[[ Data records open ]]

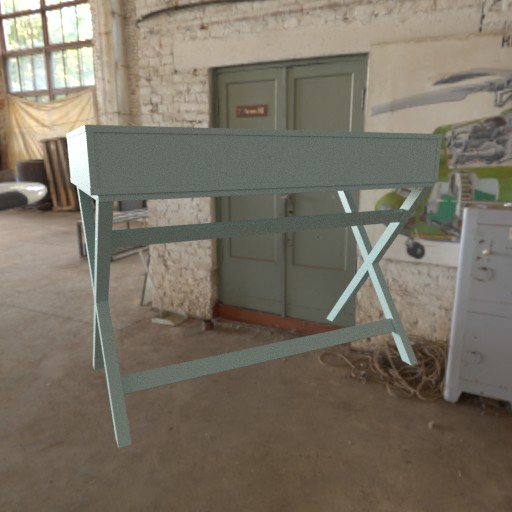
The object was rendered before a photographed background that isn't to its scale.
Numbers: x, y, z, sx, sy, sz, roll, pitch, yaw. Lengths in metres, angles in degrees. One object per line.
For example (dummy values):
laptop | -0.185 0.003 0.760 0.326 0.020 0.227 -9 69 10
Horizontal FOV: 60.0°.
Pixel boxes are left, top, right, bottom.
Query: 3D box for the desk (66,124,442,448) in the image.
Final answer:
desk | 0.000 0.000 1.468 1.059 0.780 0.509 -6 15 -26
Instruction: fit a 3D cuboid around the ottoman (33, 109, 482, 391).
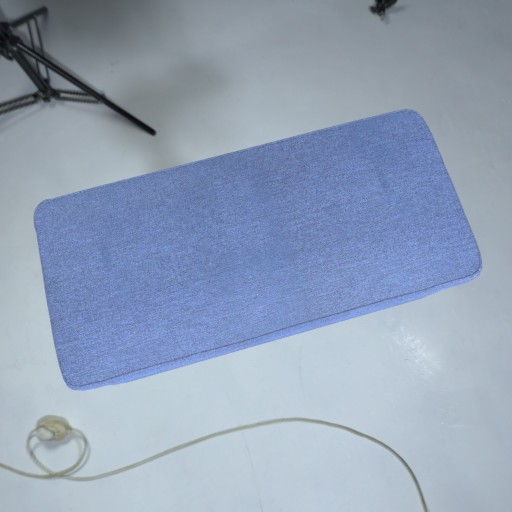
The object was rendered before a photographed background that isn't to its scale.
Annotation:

[[ Data records closed ]]

** Work order **
The output is the lines from the start of the data above through the line containing "For example (dummy", unchanged, with any picture left out.

** Output for this task **
The object was rendered before a photographed background that isn't to its scale.
Numbers: x, y, z, sx, sy, sz, roll, pitch, yaw. Lengths in metres, angles in degrees. One object per line.
For example (dummy values):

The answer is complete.